Silver Jews- Starlite Walker

starlite_walker

This album marks a high point of collaboration: two university pals (David Berman and Stephen Malkmus) who would, in their own way, become legends of the ’90s. Right now, Berman has stopped writing music and is sticking to poetry and blogs, and Malkmus has spent more years on his solo career than his acclaimed band Pavement. Now, to make this album even more obscure, it is not the Silver Jews’ first album (that was The Arizona Records a collection of very lo-fi songs originally recorded into friends’ answering machines) nor is the album as celebrated as their other works such as American Water and Tanglewood Numbers. However, what Starlite Walker does have is that instantly recognisable tang of freshness in a band who are realising their greatness.

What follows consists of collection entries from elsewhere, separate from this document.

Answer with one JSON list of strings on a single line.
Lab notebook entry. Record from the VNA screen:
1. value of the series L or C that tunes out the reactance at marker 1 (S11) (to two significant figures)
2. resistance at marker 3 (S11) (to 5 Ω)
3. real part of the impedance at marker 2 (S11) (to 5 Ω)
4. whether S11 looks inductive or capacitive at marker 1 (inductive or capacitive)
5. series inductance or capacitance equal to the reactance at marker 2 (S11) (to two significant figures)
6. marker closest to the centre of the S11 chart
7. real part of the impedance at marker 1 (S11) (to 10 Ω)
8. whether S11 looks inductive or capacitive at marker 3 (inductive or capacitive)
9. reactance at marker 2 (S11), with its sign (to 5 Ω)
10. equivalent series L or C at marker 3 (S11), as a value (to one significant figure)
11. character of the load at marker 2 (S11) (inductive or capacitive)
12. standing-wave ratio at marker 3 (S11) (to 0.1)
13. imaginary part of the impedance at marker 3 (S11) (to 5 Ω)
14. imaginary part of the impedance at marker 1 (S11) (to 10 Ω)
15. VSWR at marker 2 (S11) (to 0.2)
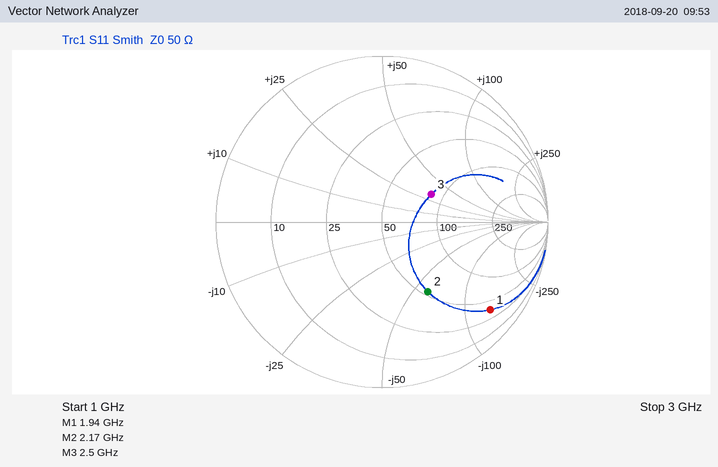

The music resembles a fuzzy acoustic warmth of stumbled chords, whistling, semi-solos and single piano notes, i.e. where the musicians lack in technical brilliance they make up for with absolute conviction. But what holds the songs together is Berman’s excellent nasal songcraftmanship. He wittily slices through poetic traditions “There is a house in New Orleans, not the one you’ve heard about, I’m talking ‘bout another house” and constructs pithy philosophies: “Half hours on earth/ What are they worth? / I don’t know”. Malkmus often vocalises in throughout the songs to enforce a chorus, or enhance an emotion that Berman’s lyrics encapsulates, often to humorous effect, for example at the end of “New Orleans” he screams “We’re stuck inside this song!” over and over again.A common topic in the album is transition. Berman often ponders over his university years (or at least years without adult responsibility), and the microcosm of warmth they establish. He recreates the atmosphere of a house party in the closing song “The Silver Pageant” and his experimental song “The Country Diary Of A Subway Conductor” sounds like something he’d have written in a creative writing class. However, he is also aware of the transience of these golden years as he immediately points out in the opener “I never want this minute to end/ And then it ends” and also the irrelevance of his “achievements” in the real world with the excellent line “In 27 years, I drunk 50,000 beers/ and they just wash against me, like the sea into the pier.” Indeed the fact that Berman released this album when he was 27, emphasises that he was fully in his adult years. Nevertheless the main feeling this album retains is its warmth, and reflects on the close friendships and incredible moments that are shared in the important post-teen years of one’s life. Moreover, the album helped pave the way for one of the greatest lyricists of the past 20 years.